Where things go wrong: the ABA problem

This is the textbook hazard for pointer-based lock-free code without a garbage collector.

Imagine Thread 1 starts a pop. It reads head = X, reads X.next, and is about to CAS. Before the CAS happens, Thread 2 races ahead. Thread 2 pops X (so X is freed), pops the node after X, allocates a new node, and the allocator hands back X's old address for that new node. Thread 2 pushes the new node. The head pointer is once again the same bit pattern as the X that Thread 1 read at the start, even though it is a different node living at the recycled address.

Thread 1 resumes and runs its CAS. The pointer comparison succeeds, because the head's bits match what Thread 1 saved. The CAS installs X.next (which Thread 1 read at the start) as the new head. But that pointer now refers to a node that Thread 2 already freed. The stack is corrupted, and any thread that touches the head next reads from reclaimed memory.

In garbage-collected languages like Java and Go, this does not happen in idiomatic code. As long as Thread 1 still holds oldHead in a local variable, the GC keeps the original X alive, and the allocator cannot put a different node at X's address. The CAS then sees a different pointer when Thread 2 has changed the head, fails correctly, and the loop retries.

In C and C++, the protection has to be added on purpose. The standard tools are tagged pointers (pack a version counter into the pointer's unused bits), hazard pointers (each thread publishes the pointers it is about to use), and epoch-based reclamation (delay every free until all threads have moved past the freeing epoch). Each adds real complexity. There is a separate lesson on the ABA problem that goes into all three.

Memory reclamation

After a pop succeeds, can the node be freed immediately?

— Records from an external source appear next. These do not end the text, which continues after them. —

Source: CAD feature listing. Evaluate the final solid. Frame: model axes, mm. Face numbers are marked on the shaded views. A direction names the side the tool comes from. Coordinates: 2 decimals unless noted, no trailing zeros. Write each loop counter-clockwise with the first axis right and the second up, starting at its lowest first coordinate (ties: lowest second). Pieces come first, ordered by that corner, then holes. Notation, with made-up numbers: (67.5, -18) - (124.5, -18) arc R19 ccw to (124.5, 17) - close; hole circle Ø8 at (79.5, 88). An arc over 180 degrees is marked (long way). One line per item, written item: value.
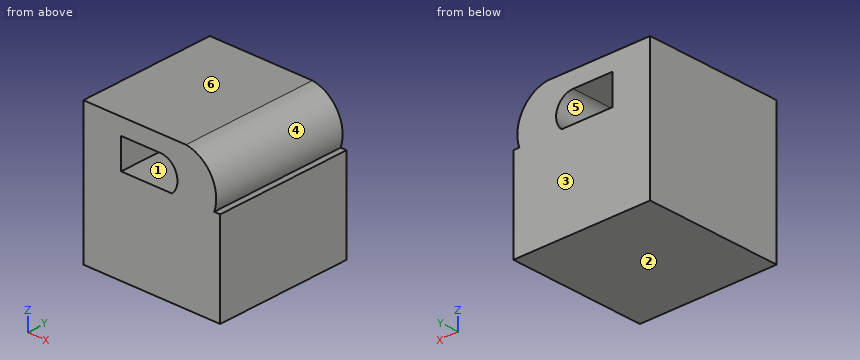
from build123d import *

# Parameters (mm, degrees)
F1_DEPTH = 38.1
F3_DEPTH = 38.1
F5_DEPTH = 25.4
F6_DEPTH = 25.4


with BuildPart() as f1:
    # F0 (on Front) → F1 (new body)
    with BuildSketch(Plane.XZ):
        Polygon((0, 38.099186), (0, 0), (37.85099, 0), (38.1, 38.099186), align=None)
    extrude(amount=F1_DEPTH)

    # F2 (on Front) → F3 (cut)
    with BuildSketch(Plane.XZ):
        with BuildLine():
            Line((10.514395, 33.617546), (10.514395, 24.092546))
            Line((10.514395, 24.092546), (21.440399, 24.092546))
            ThreePointArc((21.440399, 24.092546), (26.202899, 28.855046), (21.440399, 33.617546))
            Line((21.440399, 33.617546), (10.514395, 33.617546))
        make_face()
        with BuildLine():
            Line((10.513219, 14.010213), (10.513219, 4.485213))
            Line((10.513219, 4.485213), (21.435219, 4.485213))
            ThreePointArc((21.435219, 4.485213), (26.197719, 9.247713), (21.435219, 14.010213))
            Line((21.435219, 14.010213), (10.513219, 14.010213))
        make_face()
        with BuildLine():
            Line((38.1, 38.1), (28.575, 38.1))
            ThreePointArc((28.575, 38.1), (36.984506, 28.0415), (27.442695, 19.05))
            ThreePointArc((27.442695, 19.05), (36.984506, 10.0585), (28.575, 0))
            Line((28.575, 0), (38.1, 0))
            Line((38.1, 0), (38.1, 38.1))
        make_face()
    extrude(amount=F3_DEPTH, mode=Mode.SUBTRACT)

    # F4 (on Top) → F5 (join)
    with BuildSketch(Plane.XY):
        Polygon((38.1, 0), (0, 0), (0, -38.1), (38.1, -38.1), (38.1, -30.48), (7.62, -30.48), (7.62, -9.450001), (7.62, -7.62), (38.1, -7.62), align=None)
        Polygon((38.1, -30.48), (38.1, -7.62), (7.62, -7.62), (7.62, -9.450001), (7.62, -30.48), align=None)
    extrude(amount=F5_DEPTH)

    # F4 (on Top) → F6 (join)
    with BuildSketch(Plane.XY):
        Polygon((38.1, 0), (0, 0), (0, -38.1), (38.1, -38.1), (38.1, -30.48), (7.62, -30.48), (7.62, -9.450001), (7.62, -7.62), (38.1, -7.62), align=None)
        Polygon((38.1, -30.48), (38.1, -7.62), (7.62, -7.62), (7.62, -9.450001), (7.62, -30.48), align=None)
    extrude(amount=F6_DEPTH)


solid = f1.part
1) Material intervals for line 1 (Z direction, x = 17.5, y = -26); line 2 (X direction, y = -11, z = 30); line 3 (X direction, y = -17, z = 32), sorted ascending.
Values found:
line 1: 0 to 25.4, 33.62 to 38.1
line 2: 0 to 10.51, 26.06 to 36.9
line 3: 0 to 10.51, 25.02 to 36.38
2) Section query B-B on y = -19.5. Output: boundary loops of the cut face in (x, z) (1 decimal), then the cut area to 3 significant figures.
Values found:
outline: (0, 0) - (38.1, 0) - (38.1, 25.4) - (36.4, 25.4) arc R9.6 ccw to (28.6, 38.1) - (0, 38.1) - close; hole (10.5, 25.4) - (24.7, 25.4) arc R4.8 ccw to (21.4, 33.6) - (10.5, 33.6) - close
area: 1,300 mm2
3) Section query C-C on x = 32. Output: boundary loops of the cut face in (y, z), then the cut area to 3 significant figures.
Values found:
outline: (-38.1, 0) - (0, 0) - (0, 37.01) - (-38.1, 37.01) - close
area: 1,410 mm2
4) Contact query for flat-ended pins moving along their axis: P1, Ø2, axis at x = 32.5, y = -31.5, coming from the +Z side; P2, Ø4, axis at y = -14.5, z = 28, coming from the +X side; P3, Ø0.8, axis at x = 37.5, y = -22.5, coming from the +Z side. Output: stop coordinate, or through.
Values found:
P1: z = 37.26
P2: x = 37
P3: z = 25.4
5) Section query A-A on x = 19. Output: boundary loops of the cut face in (y, z), then the cut area to 3 significant figures.
Values found:
outline: (-38.1, 0) - (0, 0) - (0, 25.4) - (-38.1, 25.4) - close; (-38.1, 33.62) - (0, 33.62) - (0, 38.1) - (-38.1, 38.1) - close
area: 1,140 mm2
6) Reachability of the marked faces 5 and 6 from +Z, -Z, +X, -X, +Y, -Y: full face, straight path, thin tool, end or side. Return the list, or none.
Values found:
face 5: +Y, -Y
face 6: +Z, +X, -X, +Y, -Y
7) Draft query along Z for the marked faces 1, 2, 3 and 4. Return one class per face: released by +Z, released by -Z, zero draft, split by the parting line, or undercut.
Values found:
face 1: undercut
face 2: released by -Z
face 3: zero draft
face 4: undercut
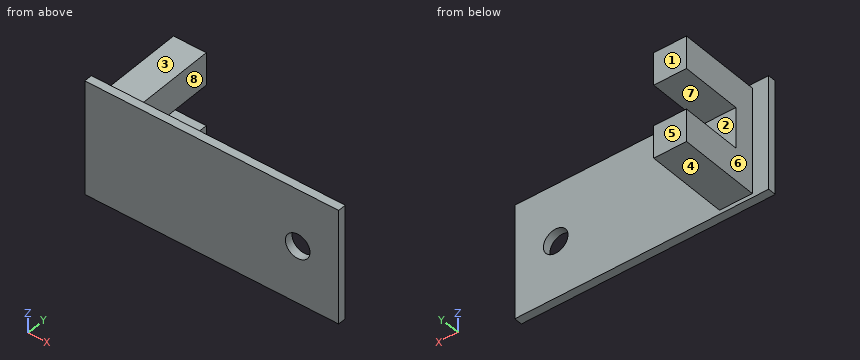
```python
from build123d import *

# Parameters (mm, degrees)
SKETCH1_W           = 31
SKETCH1_H           = 14
BOSS_EXTRUDE1_DEPTH = 1
SKETCH2_W           = 4
SKETCH2_H           = 4
BOSS_EXTRUDE2_DEPTH = 10
SKETCH3_R           = 1.5
CUT_EXTRUDE1_DEPTH  = 36.454195802
SKETCH4_W           = 4
SKETCH4_H           = 5
BOSS_EXTRUDE3_DEPTH = 2.5


with BuildPart() as part:
    # Sketch1 → Boss-Extrude1 (new body)
    with BuildSketch(Plane(origin=(0, 0, 0), x_dir=(1, 0, 0), z_dir=(0, 1, 0))):
        with Locations((15.5, -7)):
            Rectangle(SKETCH1_W, SKETCH1_H)
    extrude(amount=BOSS_EXTRUDE1_DEPTH)

    # Sketch2 → Boss-Extrude2 (add)
    with BuildSketch(Plane(origin=(0, 1, 0), x_dir=(1, 0, 0), z_dir=(0, 1, 0))):
        with Locations((4, -11.5)):
            Rectangle(SKETCH2_W, SKETCH2_H)
        with Locations((4, -2.5)):
            Rectangle(SKETCH2_W, SKETCH2_H)
    extrude(amount=BOSS_EXTRUDE2_DEPTH)

    # Sketch3 → Cut-Extrude1 (cut, through all)
    with BuildSketch(Plane(origin=(0, 1, 0), x_dir=(1, 0, 0), z_dir=(0, 1, 0))):
        with Locations(Location((26, -7, 0), (0, 0, 270))):
            Circle(SKETCH3_R)
    extrude(amount=-CUT_EXTRUDE1_DEPTH, mode=Mode.SUBTRACT)

    # Sketch4 → Boss-Extrude3 (add)
    with BuildSketch(Plane(origin=(0, 1, 0), x_dir=(1, 0, 0), z_dir=(0, 1, 0))):
        with Locations((4, -7)):
            Rectangle(SKETCH4_W, SKETCH4_H)
    extrude(amount=BOSS_EXTRUDE3_DEPTH)


solid = part.part
```
Design review of the part built by this model. Coordinates are the model's own, in mm. Face numbers are marked on the shaded views. A direction names the side the tool comes from. Coordinates: 2 decimals unless noted, no trailing zeros. Order: outer loops, then holes, each group sorted by start corner. A loop starts at its lowest first (then second) coordinate and runs counter-clockwise, first axis right, second up. Notation, with made-up numbers: M 88,75.25 L 95,75.25 A9 cw 95,80.25 Z; hole C 34.5,-36.75 d9. An arc over 180 degrees is marked long. Answer as a JSON object with one key per item and string values. Group by question number.
1) Add section D-D, the plane z = 3.5. Write out the cut boundary in (x, y).
2) Mouldability with a two-part tool opening along Z and no side actions: class the marked faces 1, 2 and 3 as pulls with the +Z half, pulls with the -Z half, needs draft (parallel to the pull), parting line crosses it, or undercut.
3) Wall thickness on L1, parallel to X at y = 0.2, z = 7; L2, parallel to Y at x = 27.5, z = 9.5; L3, parallel to X at y = 6, z = 9.75: over which ranges is each line inside the solid? List them lowest first.
4) For pin 1 (2 mm diameter, centred on x = 4, z = 6, fed in from +Y); pin 2 (1 mm diameter, centred on y = 4.5, z = 12.5, fed in from +X); pin 3 (3 mm diameter, centred on x = 3.5, y = 4.5, fed in from +Z); pin 4 (1 mm diameter, centred on x = 9.5, z = 10, fed in from -Y), all flat-tipped, find the tip position at first contact; note any pin that passes through.
5) Add section A-A, the plane x = 26. Write out the cut boundary in (y, z).
6) Add section B-B, the plane y = 7. Write out the cut boundary in (x, z), then the cut area to 3 significant figures.
7) Tool access review of the marked faces 4, 5, 6, 7 and 8: name each direction out of +Z, -Z, +X, -X, +Y, -Y from which nothing blocks a thin tool from reaching the whole face with its end or side.
8) Add section C-C, the plane z = 7. Write out the cut boundary in (x, y).
Computed values:
{
 "1": {"outline": "M 0,0 L 31,0 L 31,1 L 6,1 L 6,11 L 2,11 L 2,1 L 0,1 Z"},
 "2": {"face 1": "needs draft", "face 2": "undercut", "face 3": "pulls with the +Z half"},
 "3": {"L1": "x = 0 to 24.5, 27.5 to 31", "L2": "y = 0 to 1", "L3": "x = 2 to 6"},
 "4": {"pin 1": "stops at y = 3.5", "pin 2": "stops at x = 6", "pin 3": "stops at z = 13.5", "pin 4": "stops at y = 0"},
 "5": {"outline": "M 0,0 L 1,0 L 1,5.5 L 0,5.5 Z; M 0,8.5 L 1,8.5 L 1,14 L 0,14 Z"},
 "6": {"outline": "M 2,0.5 L 6,0.5 L 6,4.5 L 2,4.5 Z; M 2,9.5 L 6,9.5 L 6,13.5 L 2,13.5 Z", "area": "32.0 mm^2"},
 "7": {"face 4": "-Z, +X, -X, +Y", "face 5": "+Z, -Z, +X, -X, +Y", "face 6": "+Z, -Z, -X, +Y", "face 7": "+X, -X, +Y", "face 8": "+Z, -Z, +X, +Y"},
 "8": {"outline": "M 0,0 L 24.5,0 L 24.5,1 L 6,1 L 6,3.5 L 2,3.5 L 2,1 L 0,1 Z; M 27.5,0 L 31,0 L 31,1 L 27.5,1 Z"}
}
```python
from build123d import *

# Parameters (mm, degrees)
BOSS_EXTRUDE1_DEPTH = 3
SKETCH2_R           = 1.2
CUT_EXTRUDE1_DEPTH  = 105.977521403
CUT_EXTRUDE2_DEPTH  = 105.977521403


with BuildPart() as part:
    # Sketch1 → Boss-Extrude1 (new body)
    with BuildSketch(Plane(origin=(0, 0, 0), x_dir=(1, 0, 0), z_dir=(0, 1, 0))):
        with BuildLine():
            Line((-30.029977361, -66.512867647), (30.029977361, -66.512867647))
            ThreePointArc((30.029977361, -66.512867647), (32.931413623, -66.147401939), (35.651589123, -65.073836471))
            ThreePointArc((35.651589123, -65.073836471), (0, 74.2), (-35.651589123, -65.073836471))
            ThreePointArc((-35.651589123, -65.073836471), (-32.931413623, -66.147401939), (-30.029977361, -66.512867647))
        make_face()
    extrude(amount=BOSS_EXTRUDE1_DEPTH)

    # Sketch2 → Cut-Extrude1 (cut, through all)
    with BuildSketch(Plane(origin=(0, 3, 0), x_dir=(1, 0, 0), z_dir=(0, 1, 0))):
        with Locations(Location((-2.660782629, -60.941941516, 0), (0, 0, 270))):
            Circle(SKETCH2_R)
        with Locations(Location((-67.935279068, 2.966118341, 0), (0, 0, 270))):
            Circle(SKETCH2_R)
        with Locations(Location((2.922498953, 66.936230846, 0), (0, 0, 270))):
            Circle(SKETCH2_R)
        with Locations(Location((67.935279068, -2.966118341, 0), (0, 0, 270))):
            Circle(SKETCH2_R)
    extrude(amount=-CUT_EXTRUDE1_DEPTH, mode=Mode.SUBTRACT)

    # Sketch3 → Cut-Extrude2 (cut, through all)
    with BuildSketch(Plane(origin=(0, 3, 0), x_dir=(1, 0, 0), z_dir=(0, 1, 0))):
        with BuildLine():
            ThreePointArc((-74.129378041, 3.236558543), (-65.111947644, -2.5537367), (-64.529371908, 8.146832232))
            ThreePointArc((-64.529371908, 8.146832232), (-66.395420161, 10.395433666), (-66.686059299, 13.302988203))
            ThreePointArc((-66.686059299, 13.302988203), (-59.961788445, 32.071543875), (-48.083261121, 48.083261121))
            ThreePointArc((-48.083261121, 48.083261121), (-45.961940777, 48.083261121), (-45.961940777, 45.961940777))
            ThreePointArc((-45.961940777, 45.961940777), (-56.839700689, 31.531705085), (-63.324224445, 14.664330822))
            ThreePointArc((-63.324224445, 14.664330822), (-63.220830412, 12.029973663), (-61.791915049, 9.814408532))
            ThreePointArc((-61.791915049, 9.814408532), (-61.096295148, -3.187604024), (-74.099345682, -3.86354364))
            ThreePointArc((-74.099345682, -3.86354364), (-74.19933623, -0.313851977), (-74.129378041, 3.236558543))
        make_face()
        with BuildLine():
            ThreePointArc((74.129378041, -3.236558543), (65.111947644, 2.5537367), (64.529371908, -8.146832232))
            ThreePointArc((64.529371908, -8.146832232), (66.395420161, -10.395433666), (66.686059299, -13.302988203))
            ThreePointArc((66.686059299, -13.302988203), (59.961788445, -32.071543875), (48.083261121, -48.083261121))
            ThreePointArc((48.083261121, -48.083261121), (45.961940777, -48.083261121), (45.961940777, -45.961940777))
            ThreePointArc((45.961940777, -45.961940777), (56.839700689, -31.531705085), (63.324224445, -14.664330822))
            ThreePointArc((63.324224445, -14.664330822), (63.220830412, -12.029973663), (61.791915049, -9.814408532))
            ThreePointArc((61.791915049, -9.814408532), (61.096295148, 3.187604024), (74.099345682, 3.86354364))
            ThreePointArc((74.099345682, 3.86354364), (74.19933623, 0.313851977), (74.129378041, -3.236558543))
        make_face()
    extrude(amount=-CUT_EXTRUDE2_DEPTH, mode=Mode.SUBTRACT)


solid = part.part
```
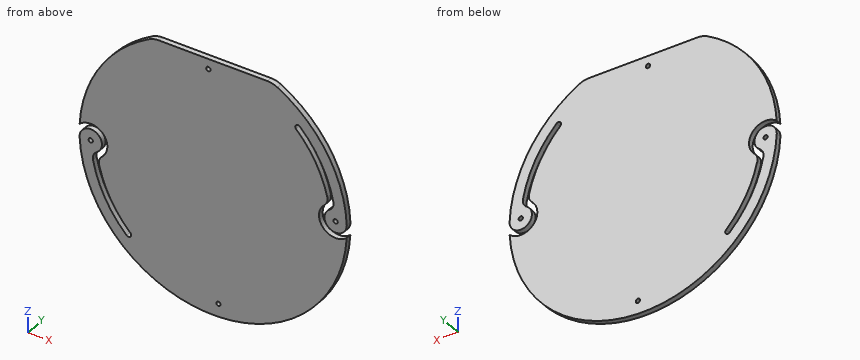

In a GC language, yes. The GC will free it whenever no thread is holding a reference. The implementation does not need to think about this.

In C or C++, the answer is no. Another thread could still be holding the popped node's address from before the CAS, with an oldHead local variable that has not been touched yet. Freeing the node now risks a use-after-free in that other thread.

Three standard solutions, in increasing order of complexity:

• Hazard pointers. Each thread publishes the pointers it is about to dereference. Before freeing a node, the freer scans every thread's hazard list. If anyone has the node listed, the free is deferred.
• Epoch-based reclamation. A global epoch counter. Each thread reads the current epoch when it enters a critical section. Freed nodes wait in a quarantine bucket until every thread has advanced past the epoch in which they were freed. Used by Linux's RCU and Rust's crossbeam.
• Reference counting. Each node has an atomic counter. Increment on read, decrement on done, free at zero. Simple to reason about, slow under contention because every reader writes to the same counter.

Each one is a research topic on its own. For production C++ code, the right answer is to use a library (folly, libcds) instead of writing a custom one.

When to use a Treiber stack

Honestly, rarely.

For most "give me a stack" cases, a mutex-protected std::stack or equivalent is simpler and often faster than the lock-free version. Cache-line contention on the single head pointer makes the Treiber stack scale poorly when many threads push or pop concurrently. For high-throughput cases, an object pool, a sync.Pool-style reuse cache, or a vetted bounded queue from a library is almost always a better choice.

The Treiber stack is valuable as a teaching tool, not a building block. It illustrates the shape every lock-free algorithm shares (a CAS retry loop), the canonical hazard of pointer-based lock-free code (ABA), and the hardest part of doing this without a GC (memory reclamation).

The three things worth carrying forward from studying it:

1. The CAS retry loop is the building block of nearly every lock-free algorithm.
2. ABA is the canonical hazard of pointer-based lock-free code without a garbage collector.
3. Memory reclamation is usually harder than the algorithm itself. In GC languages, it is free. In C and C++, it is most of the implementation work.

Understanding the Treiber stack is what unlocks the literature on Michael-Scott queues, hazard pointers, RCU, and lock-free hash maps. All of them are variations on the same three themes.